Data records: Begin

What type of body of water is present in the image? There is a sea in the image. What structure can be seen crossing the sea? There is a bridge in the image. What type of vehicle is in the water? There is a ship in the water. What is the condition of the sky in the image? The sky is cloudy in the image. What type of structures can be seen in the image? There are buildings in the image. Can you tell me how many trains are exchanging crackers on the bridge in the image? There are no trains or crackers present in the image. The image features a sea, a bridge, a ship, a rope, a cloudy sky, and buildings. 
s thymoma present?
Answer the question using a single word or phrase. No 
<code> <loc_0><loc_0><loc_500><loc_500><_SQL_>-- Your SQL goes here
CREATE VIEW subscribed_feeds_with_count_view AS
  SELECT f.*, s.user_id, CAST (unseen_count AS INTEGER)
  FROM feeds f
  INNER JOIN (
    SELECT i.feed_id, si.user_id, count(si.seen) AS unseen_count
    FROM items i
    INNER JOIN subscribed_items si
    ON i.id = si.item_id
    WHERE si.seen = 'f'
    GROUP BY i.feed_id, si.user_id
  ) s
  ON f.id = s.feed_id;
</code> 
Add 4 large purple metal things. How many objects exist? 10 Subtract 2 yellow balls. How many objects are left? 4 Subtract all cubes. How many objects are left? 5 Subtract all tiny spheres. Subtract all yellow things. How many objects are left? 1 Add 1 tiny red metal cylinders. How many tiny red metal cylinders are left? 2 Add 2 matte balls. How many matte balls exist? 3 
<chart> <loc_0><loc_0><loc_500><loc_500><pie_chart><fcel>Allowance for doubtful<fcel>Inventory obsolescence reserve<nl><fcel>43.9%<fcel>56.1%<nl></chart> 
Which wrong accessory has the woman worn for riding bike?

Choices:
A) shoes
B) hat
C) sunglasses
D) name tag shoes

Data records: End

**Your goal:**
Your answer must consist solely of the lines from the top of the entries above through the line containing "s thymoma present?", copied exactly, both ends included.

**Task answer:**
What type of body of water is present in the image? There is a sea in the image. What structure can be seen crossing the sea? There is a bridge in the image. What type of vehicle is in the water? There is a ship in the water. What is the condition of the sky in the image? The sky is cloudy in the image. What type of structures can be seen in the image? There are buildings in the image. Can you tell me how many trains are exchanging crackers on the bridge in the image? There are no trains or crackers present in the image. The image features a sea, a bridge, a ship, a rope, a cloudy sky, and buildings. 
s thymoma present?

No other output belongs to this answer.